___ Provided records ___

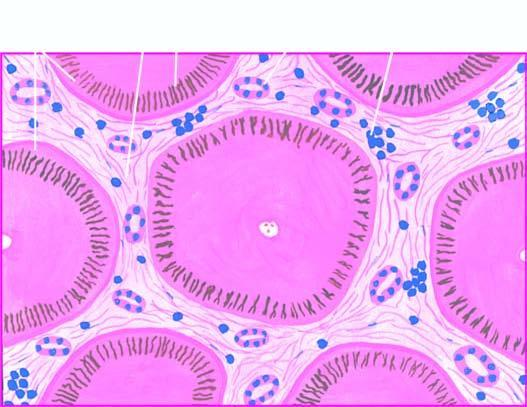re there fibrous scars dividing the hepatic parenchyma into the micronodules?
Answer the question using a single word or phrase. Yes 
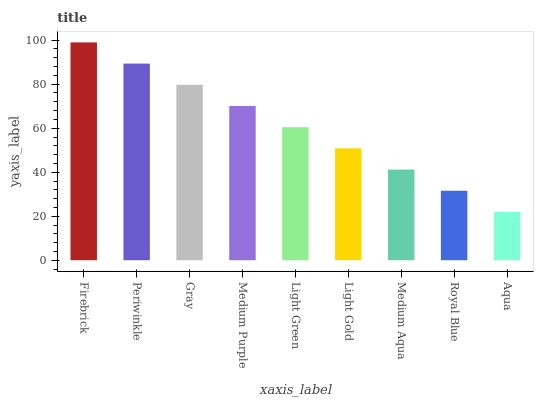Is Aqua the minimum?
Answer yes or no. Yes. Is Firebrick the maximum?
Answer yes or no. Yes. Is Periwinkle the minimum?
Answer yes or no. No. Is Periwinkle the maximum?
Answer yes or no. No. Is Firebrick greater than Periwinkle?
Answer yes or no. Yes. Is Periwinkle less than Firebrick?
Answer yes or no. Yes. Is Periwinkle greater than Firebrick?
Answer yes or no. No. Is Firebrick less than Periwinkle?
Answer yes or no. No. Is Light Green the high median?
Answer yes or no. Yes. Is Light Green the low median?
Answer yes or no. Yes. Is Royal Blue the high median?
Answer yes or no. No. Is Medium Purple the low median?
Answer yes or no. No. 
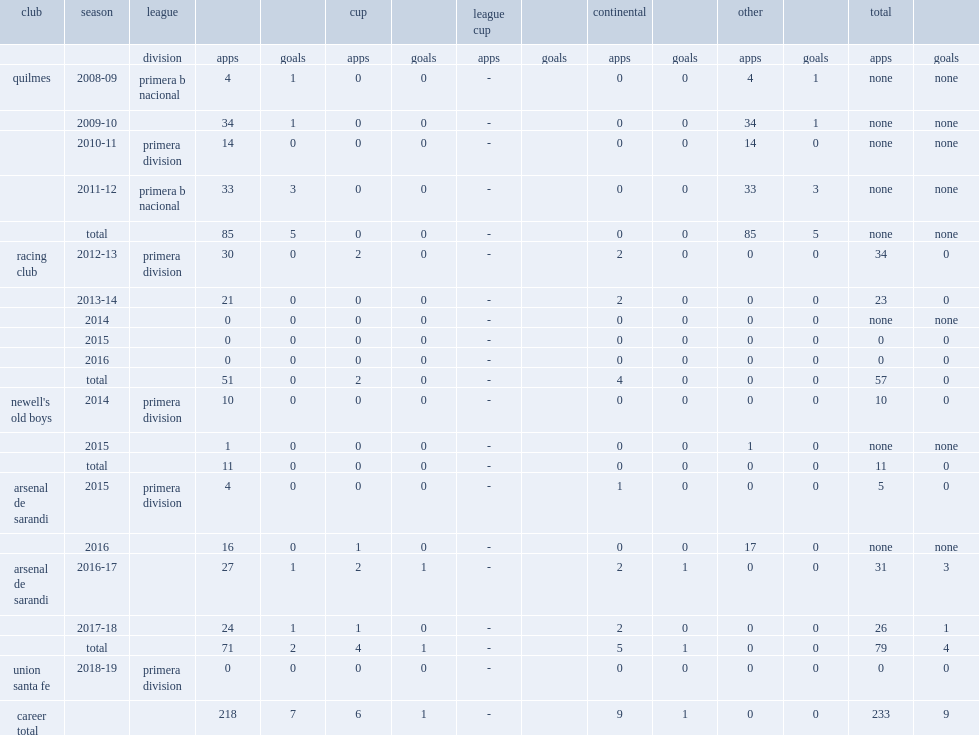In 2011-12, which club did claudio corvalan join in primera b nacional? Quilmes. 
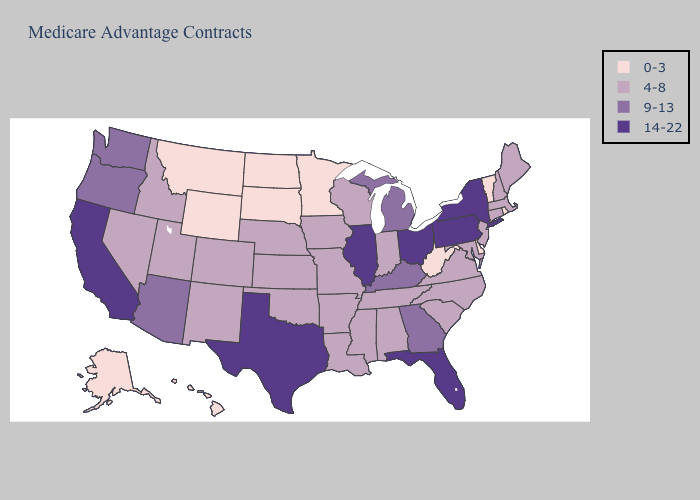Among the states that border North Dakota , which have the highest value?
Short answer required. Minnesota, Montana, South Dakota. Does Illinois have the highest value in the MidWest?
Answer briefly. Yes. Does Ohio have the highest value in the USA?
Give a very brief answer. Yes. Does Michigan have the same value as Georgia?
Give a very brief answer. Yes. What is the value of Michigan?
Answer briefly. 9-13. What is the value of Pennsylvania?
Be succinct. 14-22. Name the states that have a value in the range 14-22?
Be succinct. California, Florida, Illinois, New York, Ohio, Pennsylvania, Texas. Is the legend a continuous bar?
Give a very brief answer. No. Does the map have missing data?
Answer briefly. No. Name the states that have a value in the range 14-22?
Give a very brief answer. California, Florida, Illinois, New York, Ohio, Pennsylvania, Texas. Among the states that border Pennsylvania , does New York have the highest value?
Concise answer only. Yes. Name the states that have a value in the range 0-3?
Write a very short answer. Alaska, Delaware, Hawaii, Minnesota, Montana, North Dakota, Rhode Island, South Dakota, Vermont, West Virginia, Wyoming. Which states have the highest value in the USA?
Keep it brief. California, Florida, Illinois, New York, Ohio, Pennsylvania, Texas. Does Arkansas have the lowest value in the South?
Concise answer only. No. Does Maryland have a lower value than New York?
Quick response, please. Yes. 
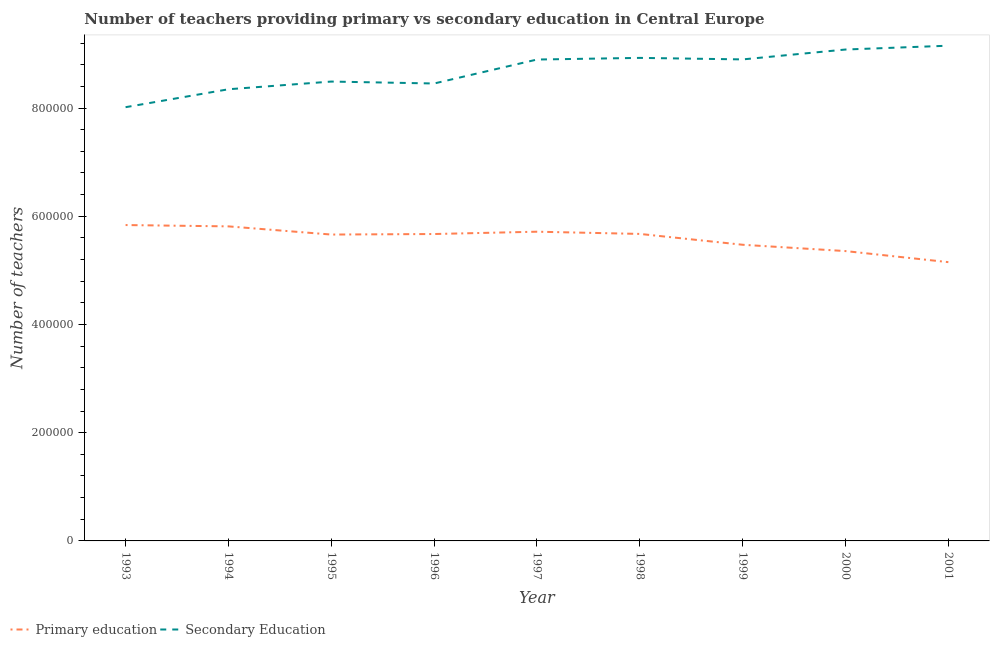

___

» Problem details: From the data, report how many lines hold "range", leaving out any other words.

» Response: 3